Later, Warner compared him to Dale Steyn - in terms of his skills and his ability to up his pace as required - and Jasprit Bumrah - in terms of the difficulty in picking up his lengths from his action. Look at the names mentioned in this article so far: Marshall; Hadlee; Steyn; Bumrah. These are some of the best there have ever been. England have something very special here.

"It was incredible Test bowling," Warner said of Archer and Broad's opening spells. "It was world-class bowling at its best. They bowled unbelievably well and a play and miss became a good shot."

Is this praise premature? Well, we'll see. But Archer really does appear to have the armoury - the control, the pace, the skills and the robust body - to suggest he can sustain the bright start to his career. Indeed, when his captain eventually realises that he is the man who should be running in down the hill, and he is the man who should bowl in shorter spells, it's possible his figures could even improve. He bowled at the wrong end for much of this innings and conceded runs as a result of the unusually attacking fields.
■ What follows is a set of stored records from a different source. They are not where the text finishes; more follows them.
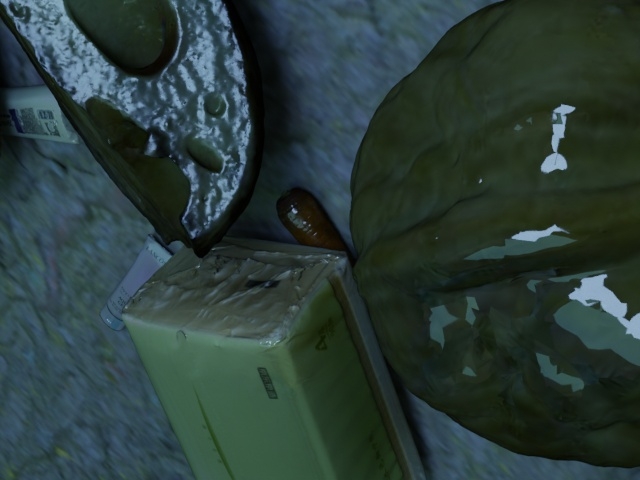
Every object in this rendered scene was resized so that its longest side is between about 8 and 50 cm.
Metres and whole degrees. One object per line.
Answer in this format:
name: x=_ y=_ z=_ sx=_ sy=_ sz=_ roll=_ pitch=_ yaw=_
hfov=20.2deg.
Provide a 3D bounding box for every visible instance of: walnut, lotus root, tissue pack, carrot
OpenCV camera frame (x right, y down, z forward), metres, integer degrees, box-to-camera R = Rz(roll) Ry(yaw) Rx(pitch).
walnut: x=0.159 y=-0.006 z=1.088 sx=0.253 sy=0.282 sz=0.277 roll=22 pitch=155 yaw=-37
lotus root: x=-0.140 y=-0.151 z=1.298 sx=0.314 sy=0.142 sz=0.210 roll=56 pitch=171 yaw=-18
tissue pack: x=-0.034 y=0.120 z=1.393 sx=0.159 sy=0.125 sz=0.234 roll=8 pitch=131 yaw=35
carrot: x=0.000 y=0.000 z=1.368 sx=0.032 sy=0.032 sz=0.093 roll=-23 pitch=108 yaw=43

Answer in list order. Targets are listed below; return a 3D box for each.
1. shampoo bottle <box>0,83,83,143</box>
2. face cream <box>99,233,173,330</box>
shampoo bottle: x=-0.250 y=-0.107 z=1.467 sx=0.141 sy=0.034 sz=0.049 roll=6 pitch=129 yaw=33
face cream: x=-0.153 y=0.037 z=1.511 sx=0.038 sy=0.020 sz=0.115 roll=44 pitch=133 yaw=2
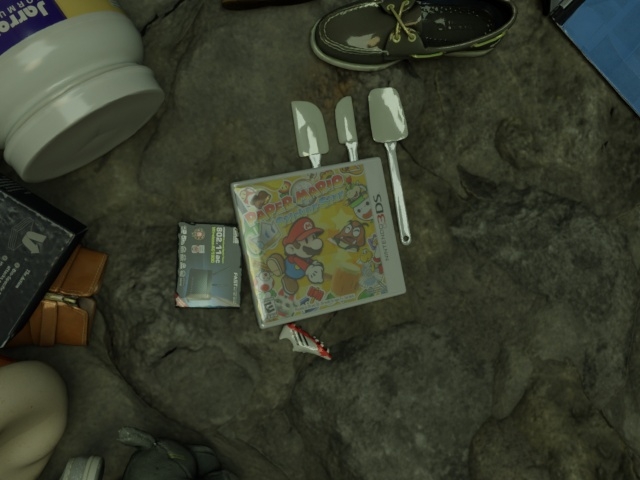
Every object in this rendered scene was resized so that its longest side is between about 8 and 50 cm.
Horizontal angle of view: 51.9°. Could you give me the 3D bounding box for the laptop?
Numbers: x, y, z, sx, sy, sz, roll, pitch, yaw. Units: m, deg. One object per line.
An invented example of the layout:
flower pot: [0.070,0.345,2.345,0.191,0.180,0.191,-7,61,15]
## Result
laptop: [0.549,-0.456,0.980,0.382,0.408,0.236,-46,61,-9]

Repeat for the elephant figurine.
elephant figurine: [-0.224,0.384,0.849,0.239,0.169,0.186,-49,66,7]

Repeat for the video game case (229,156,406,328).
video game case: [0.000,0.000,0.938,0.227,0.026,0.206,-12,93,-17]

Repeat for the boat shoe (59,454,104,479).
boat shoe: [-0.356,0.390,0.798,0.103,0.118,0.320,25,108,-18]

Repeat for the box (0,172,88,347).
box: [-0.386,0.011,0.764,0.158,0.093,0.156,34,90,-12]

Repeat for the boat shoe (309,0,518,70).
boat shoe: [0.138,-0.319,0.968,0.304,0.091,0.109,-7,88,-10]

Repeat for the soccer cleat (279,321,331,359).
soccer cleat: [-0.022,0.151,0.950,0.083,0.029,0.036,37,91,-3]

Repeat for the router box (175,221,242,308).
router box: [-0.157,0.036,0.927,0.092,0.038,0.123,1,87,-10]

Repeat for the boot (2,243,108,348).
boot: [-0.390,0.002,0.852,0.220,0.109,0.284,9,88,-8]

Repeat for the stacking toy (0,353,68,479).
stacking toy: [-0.575,0.174,0.747,0.480,0.350,0.351,34,82,9]

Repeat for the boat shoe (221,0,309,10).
boat shoe: [-0.070,-0.369,0.954,0.152,0.056,0.049,-8,94,-10]

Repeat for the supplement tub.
supplement tub: [-0.371,-0.263,0.804,0.241,0.241,0.331,-35,93,-10]

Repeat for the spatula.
spatula: [0.057,-0.101,0.981,0.168,0.019,0.242,-10,88,-11]
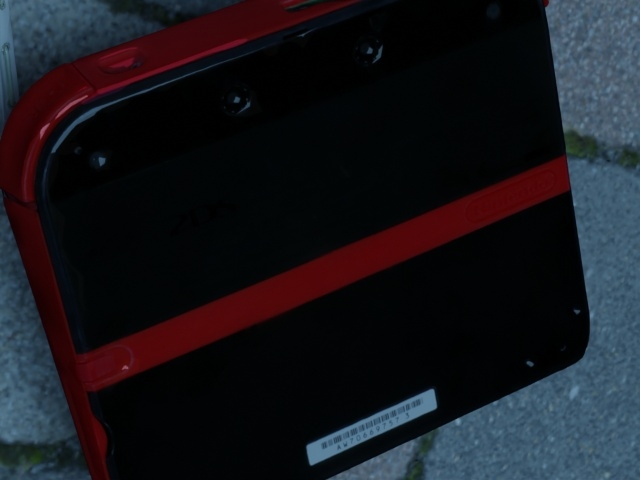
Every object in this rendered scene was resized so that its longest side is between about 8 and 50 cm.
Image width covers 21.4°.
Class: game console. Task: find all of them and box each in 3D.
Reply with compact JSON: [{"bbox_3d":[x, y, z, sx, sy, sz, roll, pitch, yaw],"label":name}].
[{"bbox_3d":[0.000,0.000,1.127,0.386,0.060,0.342,-22,120,-19],"label":"game console"}]

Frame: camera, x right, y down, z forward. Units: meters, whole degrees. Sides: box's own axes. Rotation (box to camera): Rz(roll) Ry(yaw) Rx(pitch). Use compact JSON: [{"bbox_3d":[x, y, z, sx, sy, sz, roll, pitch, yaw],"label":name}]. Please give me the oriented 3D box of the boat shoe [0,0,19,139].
[{"bbox_3d":[-0.238,-0.165,1.071,0.076,0.083,0.226,-19,113,-52],"label":"boat shoe"}]

The one cloud on his horizon is his workload. Already, he has delivered 61.1 overs in this series and this was just the third innings in which he has bowled. By contrast, Broad has delivered fewer than 50 overs in the same timeframe. Overall, England have delivered 194.1 overs since Archer came into the Test side, meaning he has bowled almost a third of them. That is not sustainable.

So while it is understandable that Joe Root turns to him in every situation - the Ashes are on the line here, after all - it has to change. While he's shown he is far more than a tearaway with a magnificent bouncer, that top register of pace remains a significant weapon. Even in this innings, he produced the odd sharp bouncer which would have had batsmen just a little reluctant to prop onto the front foot. England need to help him retain that pace. Johnson, at his best, rarely bowled spells of longer than three or four overs.

It was that weariness that was most apparent straight after the game. Asked by the BBC how he felt about that first five-for, his instinctive response was to reply: "It means I get to rest now. I'm over the moon to have got six wickets today, but I'm equally happy just to get off."

That sustains a familiar theme. Following the Lord's Test, Archer tweeted a picture of an old man struggling to raise himself from a chair with a stick for help and wrote: "Me getting out of bed tomorrow morning."

It was a joke, of course, but it was also a warning. Bowlers like Archer come along, for England at least, very rarely. He's already helped England to a World Cup and he might just have got them back in an Ashes series. He needs looking after. He needs protecting. We're only at the start of Archer's international journey, but already he has shown an array of skills that whisper the potential of greatness.